··· Exercise materials ···
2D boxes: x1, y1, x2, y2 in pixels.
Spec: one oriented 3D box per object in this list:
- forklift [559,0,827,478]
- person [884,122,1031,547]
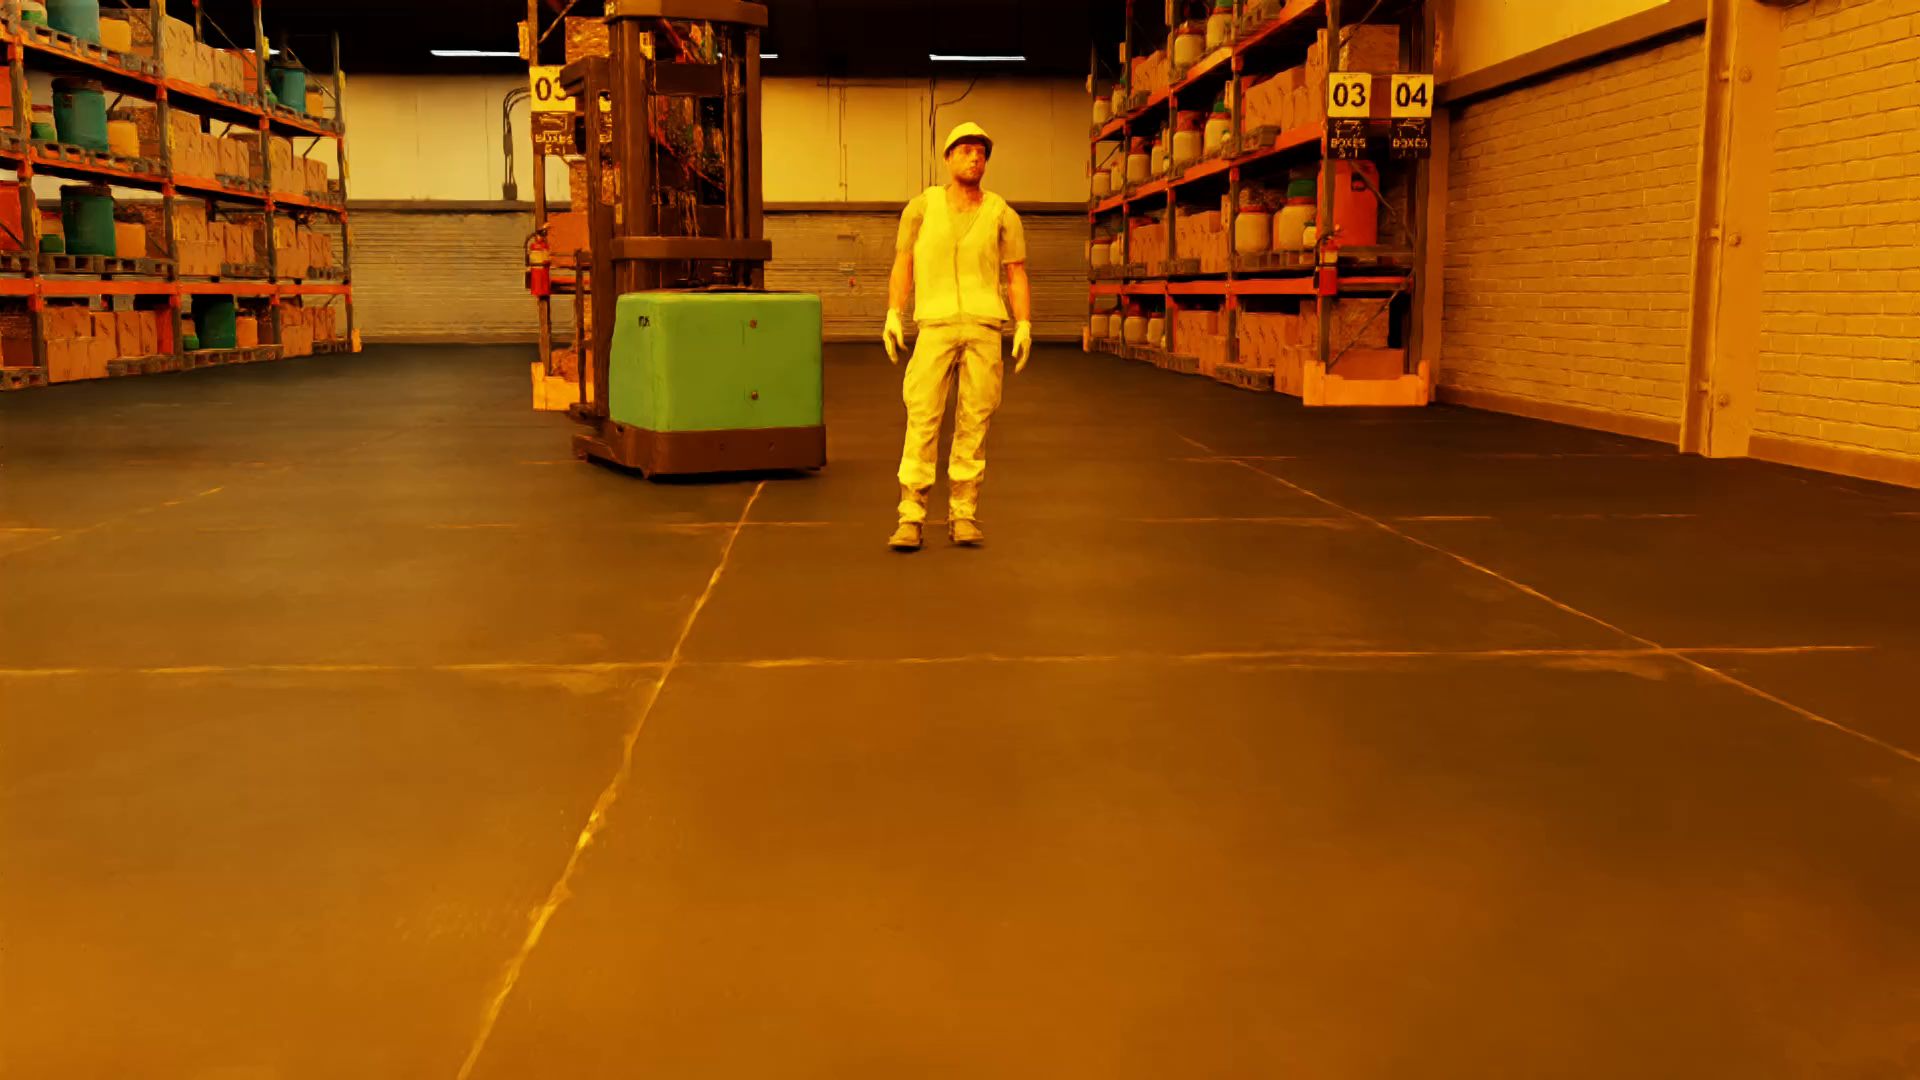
[{"bbox_3d":[-1.895,-1.979,10.662,1.130,2.935,3.031,-4,9,-26],"label":"forklift"},{"bbox_3d":[-0.006,-0.880,7.097,0.637,1.787,0.563,-1,8,-4],"label":"person"}]
···
Could you print all of the entries exactly, skipping the images?

● Solution for this task:
2D boxes: x1, y1, x2, y2 in pixels.
Spec: one oriented 3D box per object in this list:
- forklift [559,0,827,478]
- person [884,122,1031,547]
[{"bbox_3d":[-1.895,-1.979,10.662,1.130,2.935,3.031,-4,9,-26],"label":"forklift"},{"bbox_3d":[-0.006,-0.880,7.097,0.637,1.787,0.563,-1,8,-4],"label":"person"}]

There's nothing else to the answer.